クラインの問いにキリトが答える。途中から余裕が無くて数えていなかったがそんなにも殺られていたとは…こんなに犠牲を出して俺たちはあと25層も進めるのだろうか?益々嫌気がする。周りの奴も俺と同じように思ったのか顔を俯かせて暗い表情をしている。

…唯一人をヒースクリフを除いて…奴の方を見ると周りが疲れで座り込んでいる中いつも通り堂々と立っている。
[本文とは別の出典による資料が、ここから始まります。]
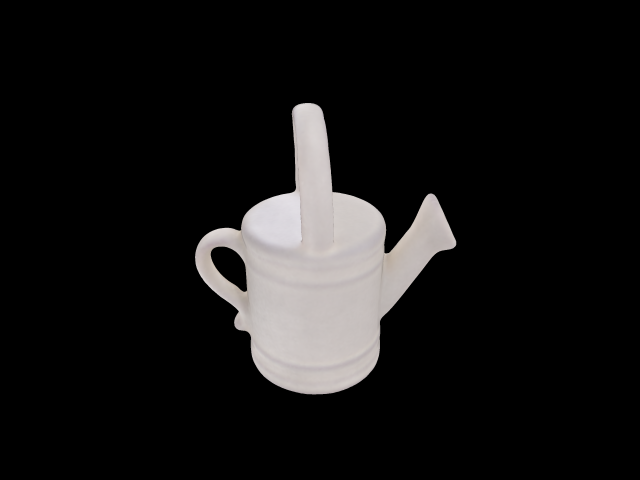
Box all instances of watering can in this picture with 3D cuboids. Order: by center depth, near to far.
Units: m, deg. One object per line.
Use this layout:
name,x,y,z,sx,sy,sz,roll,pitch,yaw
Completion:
watering can,0.003,0.000,0.402,0.173,0.194,0.100,-13,32,-21

あそこまでくると嫌味に感じる…HPもギリギリ安全域の緑のまんまだし…あの一度もHPが黄色になったことが無いって噂は本当なんじゃないか?そんな事を思ってしまった。ふとキリトの方を見ると…

 

「?何やってんだあいつ?」

 

キリトは剣を構えて立ち上がりヒースクリフの方を睨み付けた。すると片方剣突進技ヴォパールストライクを発動しながらヒースクリフの方に走って行ったのだ。

 

「馬鹿!何やって…」

 

そんなことを口に出す前にそれに気付いたヒースクリフが盾で防ごうとしたがキリトの剣はその軌道を巧みに変えてヒースクリフに直撃するはずだった…

 

「!何…!」

 

しかし、キリトの剣がヒースクリフに当たることは無かった。それはヒースクリフの前に出た紫色の障壁が剣を防いだからである。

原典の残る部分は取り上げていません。